The Government’s recent move of easing the adoption process in India and nearly ending the practice of surrogacy suggests a pro-adoption policy. Encouraging adoption is undoubtedly a noble idea. However, the state cannot realistically monitor one’s personal desire to have a genetic child. It is an unrealistic expectation at a societal and a familial level. Moreover, there is an unexplained discrepancy whereby adoption in India is allowed to foreigners and overseas Indian citizens, but surrogacy is not. In addition, it is unfortunate that the new Assisted Reproductive Technique Bill has sensationalised surrogacy and not discussed other core issues related to egg, sperm or embryo donation. Note that in recent times, more deaths have been reported due to medical negligence in egg donation.
There are many other significant gaps in the Bill. It only forces us to ask more questions: how does one calculate the basic medical expenses in altruistic surrogacy? How would an official authority track ‘gifts’ being exchanged between parties involved in the name of ‘compensation’? How many embryos can be transferred at once? Who decides on the abortion of foetuses in cases of multiple pregnancies? What about psychological counselling for all parties involved in the surrogacy arrangement?
In addition to ethical, social and psychological perspectives, this law is also a regressive step from an economic standpoint. It is unfortunate that the available infrastructure for surrogacy will be turned redundant by it. Overall, the new Bill needed a healthy dose of realism in the Indian context, and a blanket ban on commercial surrogacy could move the business underground, making it more unsafe for surrogates than ever before. Banning homosexual couples from accessing surrogacy in India had led to pregnant surrogates hired by them being moved to Nepal by fertility clinics in India for delivery and handover of the baby. Also, since human tissues (example: frozen embryos) cannot be moved across the Indian border, recent news revealed that Indian surrogates are now being sent to Cambodia (a new destination for cheap international surrogacy) after conception for completion of the pregnancy. And within India, there is a possibility that the business might move to J&K, where the new law would not be applicable.

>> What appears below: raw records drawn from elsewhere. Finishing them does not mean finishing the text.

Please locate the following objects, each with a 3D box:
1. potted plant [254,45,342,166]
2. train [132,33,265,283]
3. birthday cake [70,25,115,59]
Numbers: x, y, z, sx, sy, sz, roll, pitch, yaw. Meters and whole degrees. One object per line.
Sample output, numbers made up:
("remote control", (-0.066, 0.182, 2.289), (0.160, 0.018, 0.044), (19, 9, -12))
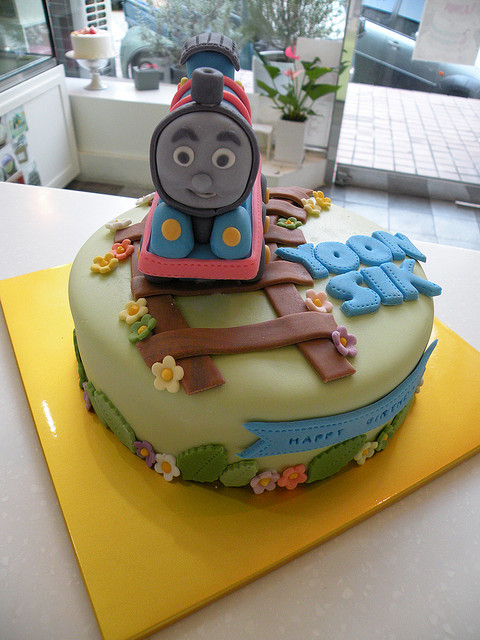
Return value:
("potted plant", (0.446, -1.778, 4.550), (0.631, 0.790, 0.680), (-5, 21, -8))
("train", (-0.106, -0.651, 1.883), (0.453, 0.657, 1.167), (4, 39, -1))
("birthday cake", (-1.322, -2.536, 4.844), (0.371, 0.244, 0.331), (-3, 47, -9))

It seems that the new policy on surrogacy in India is devoid both of financial incentives and dignity of reproductive labour, further disempowering and exploiting surrogates. The new surrogacy arrangements should be closely monitored as the real impact of the new policy needs to be assessed. It is important to thoroughly evaluate the consequences of the new measures and not let the practice become invisible and still be exploitative.
Globally, the concept of surrogacy, since it challenges the normative understanding of pregnancy and motherhood, remains complicated and taboo. But India has taken a unique backward step: this new policy is a failure in all aspects of this understandably challenging social phenomenon.